The owner argued that Mitch was negligent in his use of the machine. Ultimately, the jury apportioned 80% of the blame for the accident to the owner and 20% to Mitch. It then awarded Mitch a total of $987,000 in damages, but since he was 20% at fault, this reduced his judgment to $787,316. The owner did not like the result and appealed. On appeal, the owner’s insurance company claimed that the jury and trial court should have found that Mitch was more at fault than the owner. If successful, this would mean that Mitch would get nothing. The Court of Appeals upheld the lower court and held that Mitch was entitled to a new trial on punitive damages. Upon hearing the result, the owner’s insurer threw in $75,000 for punitive damages and paid what it owed. With accumulated interest and the $75,000 for punitive damages, Mitch’s total recovery was $1.27 million.

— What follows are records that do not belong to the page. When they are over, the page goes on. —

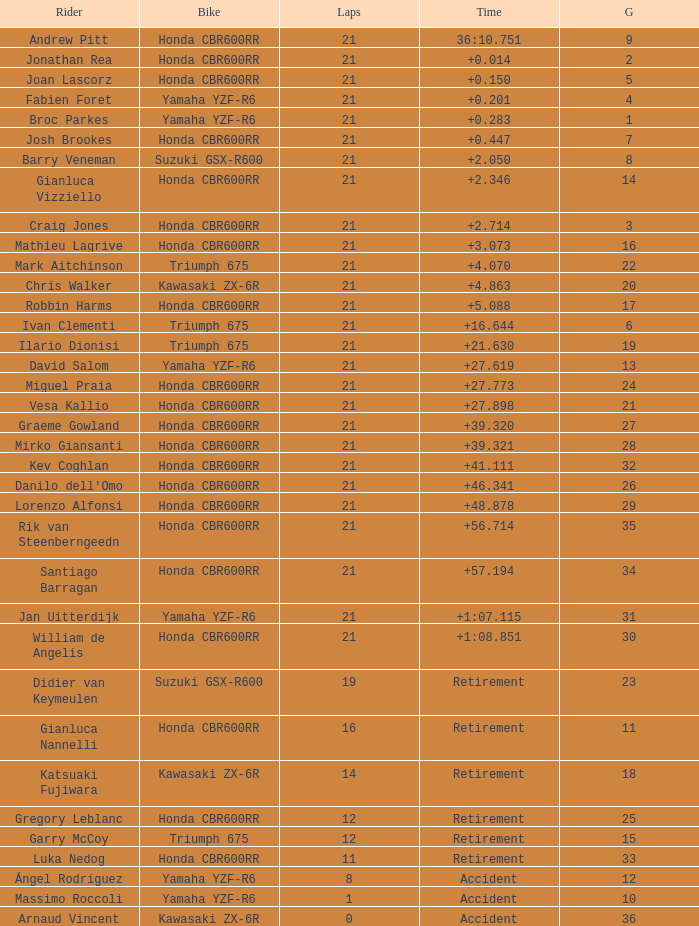283? 1.0. 
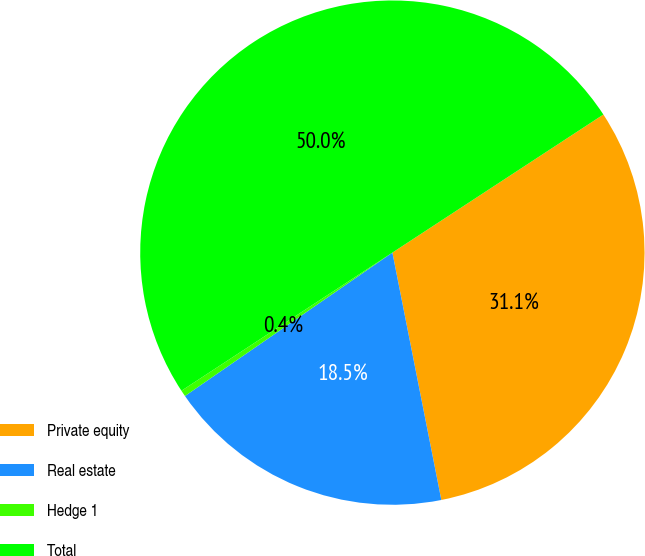Convert chart to OTSL. <chart><loc_0><loc_0><loc_500><loc_500><pie_chart><fcel>Private equity<fcel>Real estate<fcel>Hedge 1<fcel>Total<nl><fcel>31.11%<fcel>18.48%<fcel>0.4%<fcel>50.0%<nl></chart> 
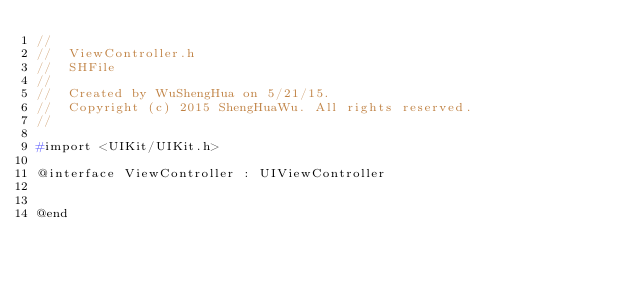<code> <loc_0><loc_0><loc_500><loc_500><_C_>//
//  ViewController.h
//  SHFile
//
//  Created by WuShengHua on 5/21/15.
//  Copyright (c) 2015 ShengHuaWu. All rights reserved.
//

#import <UIKit/UIKit.h>

@interface ViewController : UIViewController


@end

</code> 
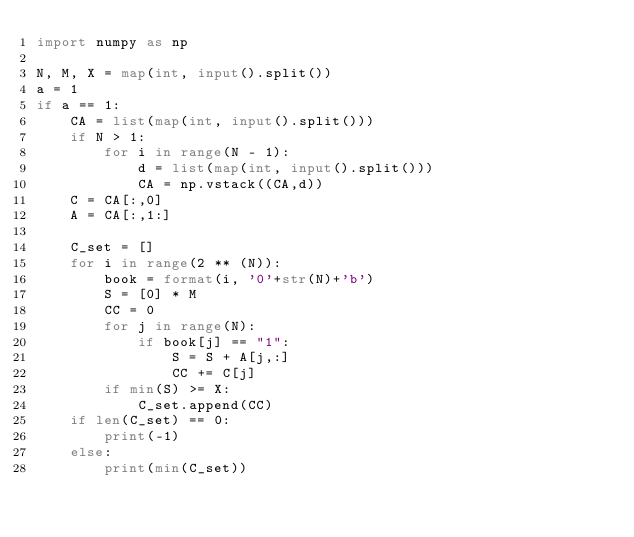Convert code to text. <code><loc_0><loc_0><loc_500><loc_500><_Python_>import numpy as np

N, M, X = map(int, input().split())
a = 1
if a == 1:
    CA = list(map(int, input().split()))
    if N > 1:
        for i in range(N - 1):
            d = list(map(int, input().split()))
            CA = np.vstack((CA,d))
    C = CA[:,0]
    A = CA[:,1:]

    C_set = []
    for i in range(2 ** (N)):
        book = format(i, '0'+str(N)+'b')
        S = [0] * M
        CC = 0
        for j in range(N):
            if book[j] == "1":
                S = S + A[j,:]
                CC += C[j]
        if min(S) >= X:
            C_set.append(CC)
    if len(C_set) == 0:
        print(-1)
    else:
        print(min(C_set))
</code>

With the money awarded, Mitch will be able to learn new skills making it possible for him to contribute to society and handle future medical issues that may arise from his injury. Although Mitch’s dreams were dashed by this accident, his recovery allowed him to get his life back.
Verdict After Trial More than Triples Settlement Offer
Two weeks before the third anniversary of her accident and the date on which the statute of limitations would run and bar her claim, Helen* retained Russ Golla to represent her for injuries sustained in an auto accident. Helen lives in Neenah but retained Russ because he had successfully represented her and her husband on a medical malpractice case arising out of the death of their first child. In this case, Helen was injured when the other driver ran a stop sign and t-boned her vehicle on the passenger side. The force of the impact pushed her vehicle across the centerline into oncoming traffic where a second impact occurred. During the collisions, the impact of Helen’s head hitting the window blew out the window on the driver’s side door. She sustained a concussion and a cervical strain/sprain which is commonly known as a whiplash. Her vehicle was totaled and the car that struck hers sustained approximately $13,000 in damages.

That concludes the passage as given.